This is turning out to be longer than I expected ... never mind. We might get to the dancing sometime in the new year ! :-)
Meanwhile, back at the feast, and further down the table ...
(Disclaimers in
part one.)
Part Five:
"… and then the dashed beast up and bolted on me. Took off like a rocket. There I was, hanging on like grim death while it charged through hedges and leapt ditches and thundered through streams, with the bally hounds baying at our heels all the way. Ended up on the other side of the county with a broken girth and a bent bit. Had to jolly well walk home - and not a trophy to show for the entire day!” Lord Holly spread his hands wide to illustrate their emptiness and Dawn had to smother a giggle at his expression. “The hounds enjoyed it though. Best run they’d had in weeks.”

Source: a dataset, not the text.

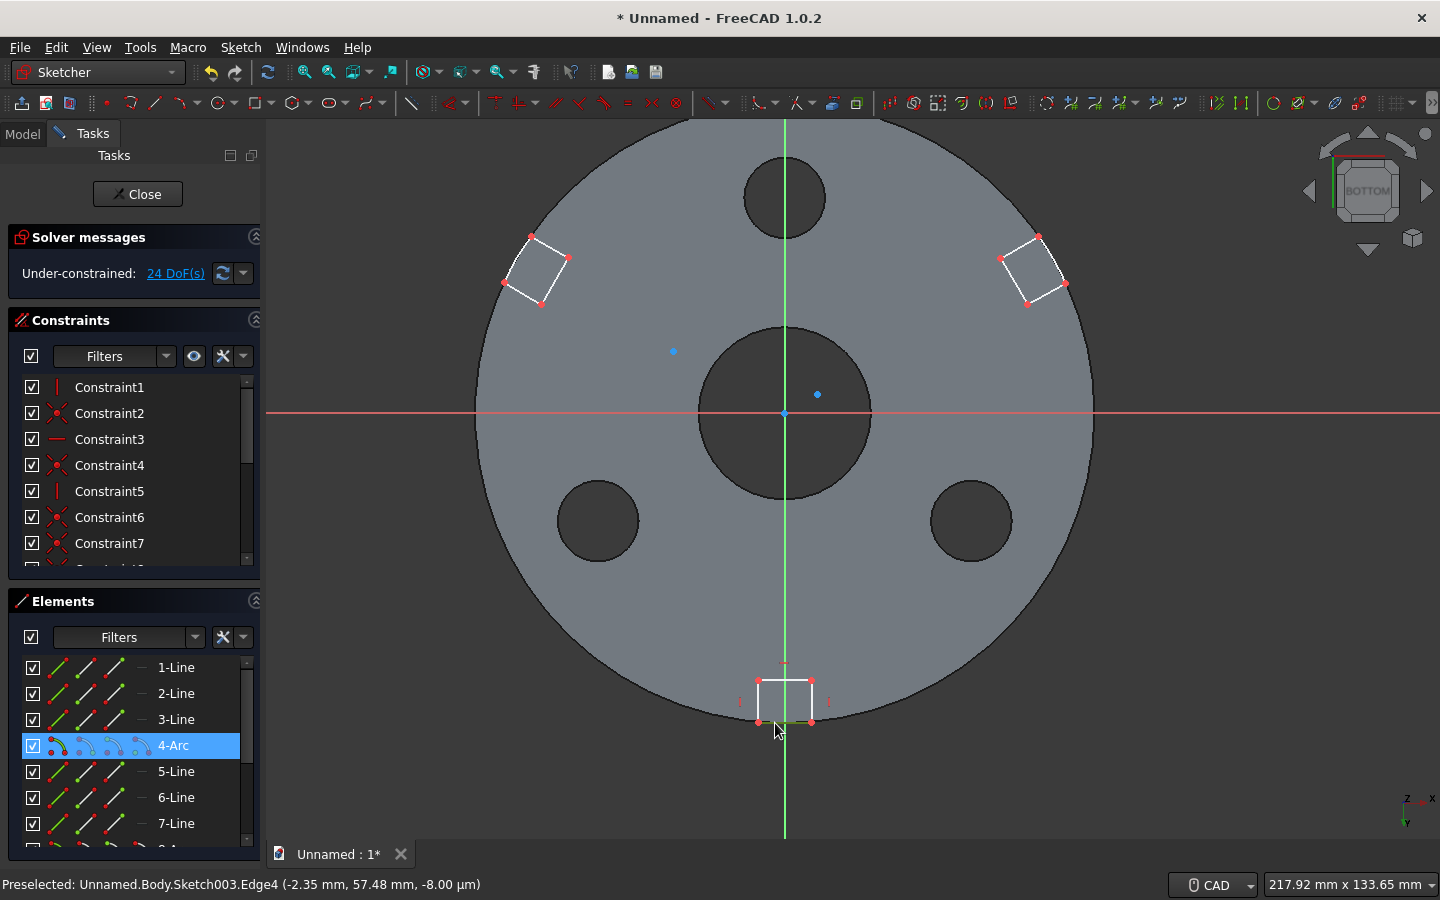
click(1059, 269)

“I bet they did.” Jack’s eyes twinkled in the candlelight, adding to the warmth of his smile. Dawn thought that he and Lord Holly were related somehow, although neither of them had said as much. The old man’s face held an echo of the younger one’s handsomely chiselled face, and their eyes - their eyes were almost an exact match, although Lord Holly’s might be a slightly darker green, as Jack’s were clear as emeralds, and the old man’s were misted with age. But they had the same flicker of golden flecks in their depths, and the same swirl of sunlight and hazelnut whispering around the edges of the iris. “You spoil those hounds of yours, Holly. They won’t love you any the less if you work them hard. In fact they’ll thank you for it.”
“And I’ll thank you for keeping your advice to yourself, thank you very much. You don’t know a thing about hunting hounds. Nor riding to them, for that matter. Stick to ploughshares and plough horses. That’s what you know. Oats and wheat and barleycorn. Leave the deer and rabbit and the fox to me.”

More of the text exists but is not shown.